• _WORK INSTRUCTION_:
Read through the listing below, and copy every line where the string "this" appears.

• _DATA FOR REVIEW_:
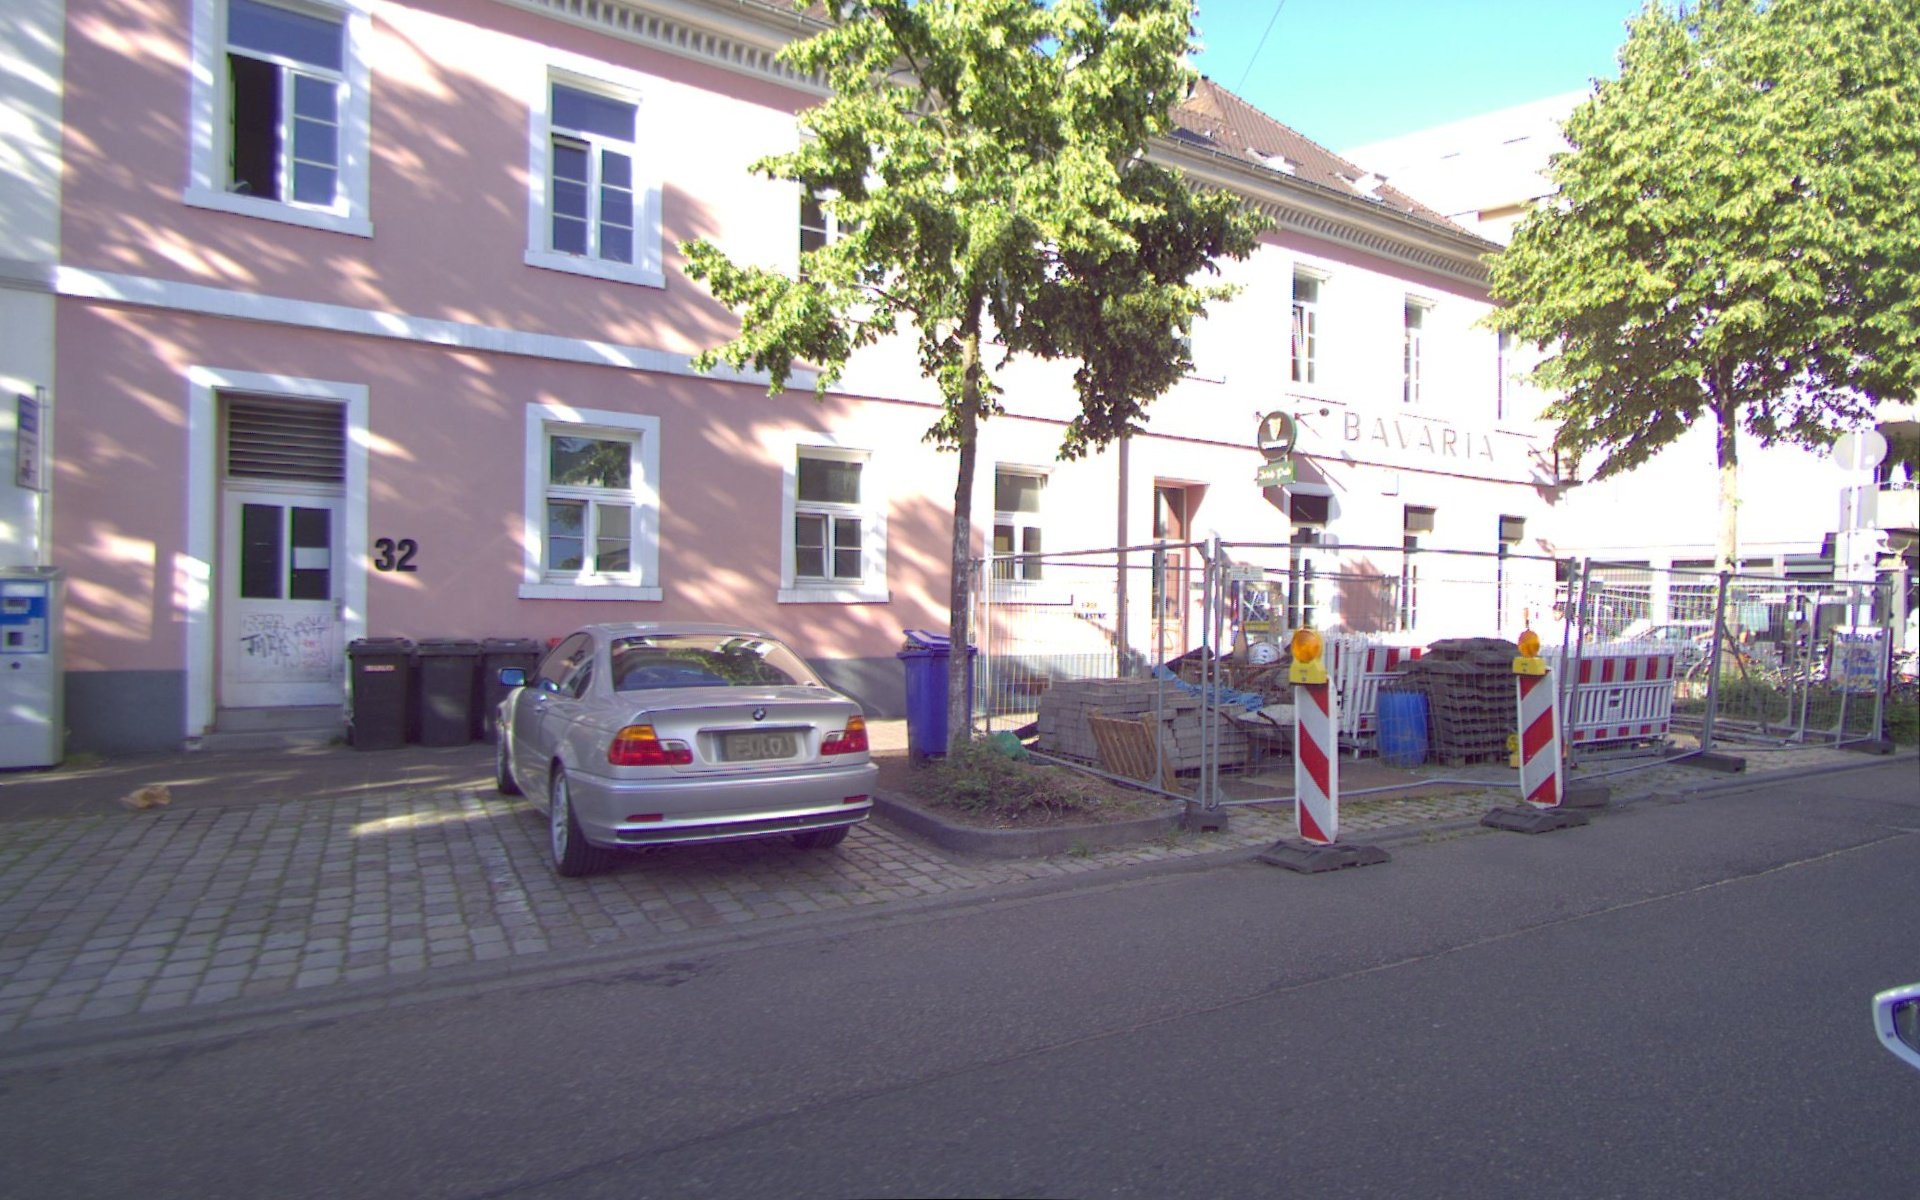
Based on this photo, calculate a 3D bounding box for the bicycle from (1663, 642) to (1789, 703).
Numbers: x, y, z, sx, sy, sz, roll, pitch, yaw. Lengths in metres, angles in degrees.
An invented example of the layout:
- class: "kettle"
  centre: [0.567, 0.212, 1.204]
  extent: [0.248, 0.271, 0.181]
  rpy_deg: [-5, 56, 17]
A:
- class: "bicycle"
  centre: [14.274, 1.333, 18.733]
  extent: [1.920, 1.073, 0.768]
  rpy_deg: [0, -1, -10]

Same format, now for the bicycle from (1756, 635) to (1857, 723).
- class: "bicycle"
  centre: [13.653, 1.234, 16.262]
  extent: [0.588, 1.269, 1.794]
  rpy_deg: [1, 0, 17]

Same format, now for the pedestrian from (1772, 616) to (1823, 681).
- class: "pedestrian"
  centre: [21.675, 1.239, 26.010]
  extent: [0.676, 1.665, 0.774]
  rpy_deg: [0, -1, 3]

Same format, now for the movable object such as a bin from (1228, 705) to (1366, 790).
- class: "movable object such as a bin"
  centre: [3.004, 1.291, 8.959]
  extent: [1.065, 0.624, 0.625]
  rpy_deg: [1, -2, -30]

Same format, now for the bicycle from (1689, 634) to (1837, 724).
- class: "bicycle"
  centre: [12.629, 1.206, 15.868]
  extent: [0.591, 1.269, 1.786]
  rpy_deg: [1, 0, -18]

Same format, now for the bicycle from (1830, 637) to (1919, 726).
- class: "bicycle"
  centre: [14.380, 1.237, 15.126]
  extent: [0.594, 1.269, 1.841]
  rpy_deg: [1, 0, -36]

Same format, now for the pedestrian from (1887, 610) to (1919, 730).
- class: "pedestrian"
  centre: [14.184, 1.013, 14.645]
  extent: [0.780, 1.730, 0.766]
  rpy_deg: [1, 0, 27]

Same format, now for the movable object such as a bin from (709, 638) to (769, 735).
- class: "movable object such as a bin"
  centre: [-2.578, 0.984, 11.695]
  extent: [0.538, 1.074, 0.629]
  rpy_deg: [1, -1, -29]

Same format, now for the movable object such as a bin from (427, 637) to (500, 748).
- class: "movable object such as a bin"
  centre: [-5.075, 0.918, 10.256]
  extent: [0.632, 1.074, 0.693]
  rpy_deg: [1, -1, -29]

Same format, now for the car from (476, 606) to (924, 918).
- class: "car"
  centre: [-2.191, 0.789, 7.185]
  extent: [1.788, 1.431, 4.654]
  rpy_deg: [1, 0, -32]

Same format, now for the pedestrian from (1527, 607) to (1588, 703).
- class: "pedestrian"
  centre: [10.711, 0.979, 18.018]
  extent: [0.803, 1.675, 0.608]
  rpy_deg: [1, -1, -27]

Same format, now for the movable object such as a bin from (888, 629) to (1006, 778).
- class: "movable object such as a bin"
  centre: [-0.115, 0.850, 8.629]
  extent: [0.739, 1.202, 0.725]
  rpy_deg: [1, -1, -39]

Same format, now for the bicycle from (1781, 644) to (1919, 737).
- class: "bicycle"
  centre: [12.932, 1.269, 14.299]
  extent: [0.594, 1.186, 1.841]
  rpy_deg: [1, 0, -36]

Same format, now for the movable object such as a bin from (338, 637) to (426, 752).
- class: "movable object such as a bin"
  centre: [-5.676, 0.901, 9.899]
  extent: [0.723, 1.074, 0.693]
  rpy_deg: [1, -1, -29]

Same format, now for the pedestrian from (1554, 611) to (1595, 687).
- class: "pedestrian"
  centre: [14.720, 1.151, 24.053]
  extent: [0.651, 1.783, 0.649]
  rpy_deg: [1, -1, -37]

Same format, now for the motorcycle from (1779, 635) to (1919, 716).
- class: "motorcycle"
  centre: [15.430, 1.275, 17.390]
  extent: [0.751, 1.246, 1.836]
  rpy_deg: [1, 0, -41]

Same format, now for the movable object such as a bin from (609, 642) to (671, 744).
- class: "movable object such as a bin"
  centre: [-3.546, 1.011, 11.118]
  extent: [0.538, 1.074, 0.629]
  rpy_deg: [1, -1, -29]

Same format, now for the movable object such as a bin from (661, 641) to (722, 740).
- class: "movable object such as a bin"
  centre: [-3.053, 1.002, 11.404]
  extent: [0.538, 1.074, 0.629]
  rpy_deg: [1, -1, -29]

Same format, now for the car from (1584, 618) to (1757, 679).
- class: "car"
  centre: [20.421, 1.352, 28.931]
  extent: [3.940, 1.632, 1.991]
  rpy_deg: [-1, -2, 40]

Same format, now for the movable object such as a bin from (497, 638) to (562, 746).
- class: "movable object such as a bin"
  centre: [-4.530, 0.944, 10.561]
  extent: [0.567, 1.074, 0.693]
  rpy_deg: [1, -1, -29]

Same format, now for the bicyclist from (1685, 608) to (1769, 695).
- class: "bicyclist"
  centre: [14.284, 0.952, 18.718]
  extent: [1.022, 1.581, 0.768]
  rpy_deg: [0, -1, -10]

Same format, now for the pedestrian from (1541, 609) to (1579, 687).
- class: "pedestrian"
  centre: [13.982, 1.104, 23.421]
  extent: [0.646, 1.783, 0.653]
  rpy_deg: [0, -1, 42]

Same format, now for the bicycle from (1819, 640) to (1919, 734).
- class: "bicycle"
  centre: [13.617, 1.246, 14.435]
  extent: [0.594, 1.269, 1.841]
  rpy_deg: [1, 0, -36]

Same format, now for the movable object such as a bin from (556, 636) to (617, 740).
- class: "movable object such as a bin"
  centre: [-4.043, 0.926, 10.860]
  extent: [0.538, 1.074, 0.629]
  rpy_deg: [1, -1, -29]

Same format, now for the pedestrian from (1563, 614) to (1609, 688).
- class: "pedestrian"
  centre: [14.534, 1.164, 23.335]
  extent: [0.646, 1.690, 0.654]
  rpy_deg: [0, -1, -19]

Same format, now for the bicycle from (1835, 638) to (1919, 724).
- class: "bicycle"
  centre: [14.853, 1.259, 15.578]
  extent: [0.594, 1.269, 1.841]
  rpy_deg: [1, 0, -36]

* * *

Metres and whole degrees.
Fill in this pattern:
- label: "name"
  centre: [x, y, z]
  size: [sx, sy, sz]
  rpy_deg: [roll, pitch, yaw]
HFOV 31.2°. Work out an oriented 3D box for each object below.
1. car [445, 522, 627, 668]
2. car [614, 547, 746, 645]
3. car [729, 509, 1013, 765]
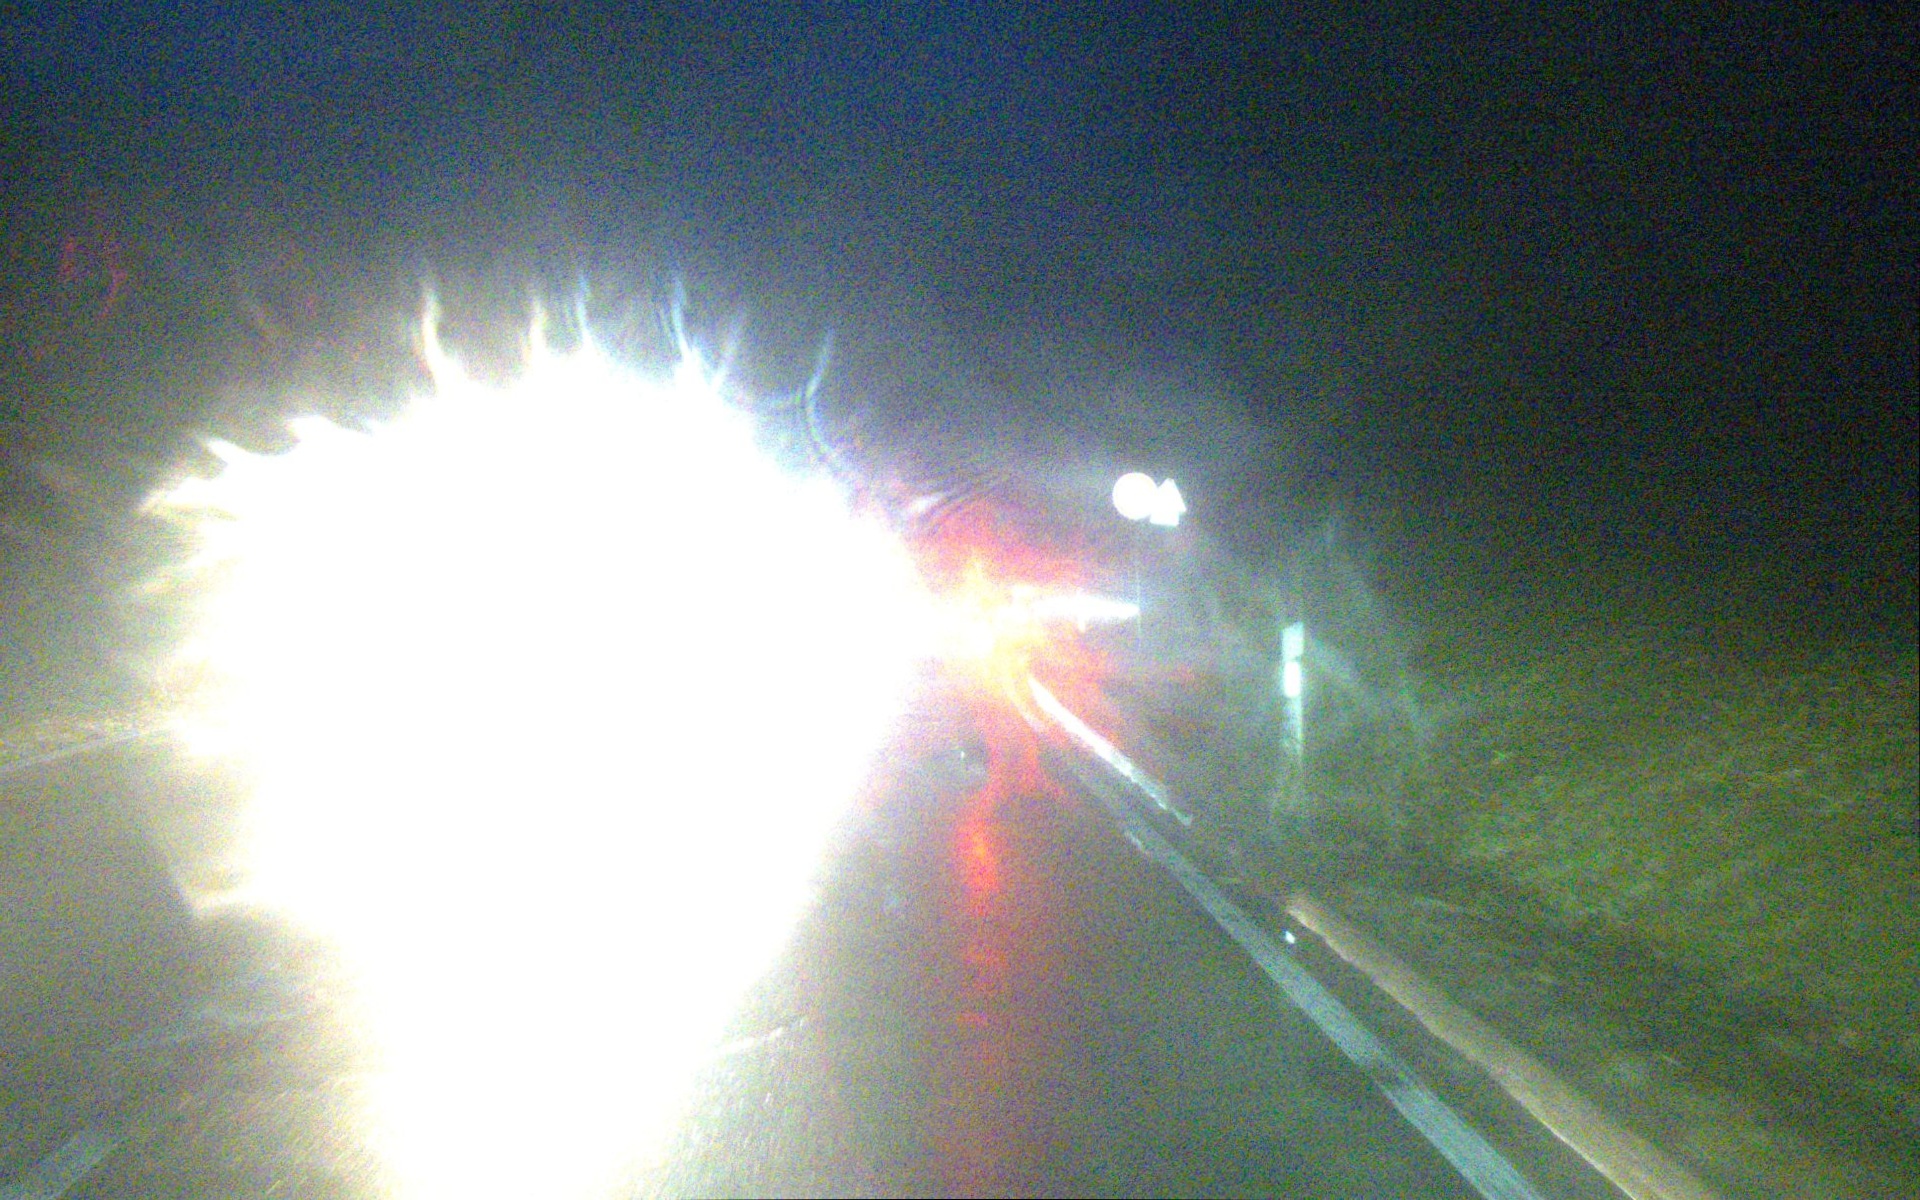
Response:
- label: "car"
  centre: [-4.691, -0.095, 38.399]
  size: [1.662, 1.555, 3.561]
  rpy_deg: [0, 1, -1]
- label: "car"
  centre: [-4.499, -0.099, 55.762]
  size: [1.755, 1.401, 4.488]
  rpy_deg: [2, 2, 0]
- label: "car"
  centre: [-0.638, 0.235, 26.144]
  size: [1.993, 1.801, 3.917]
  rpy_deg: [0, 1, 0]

• _YOUR SOLUTION_:
Based on this photo, calculate a 3D bounding box for the bicycle from (1663, 642) to (1789, 703).
Fill in this pattern:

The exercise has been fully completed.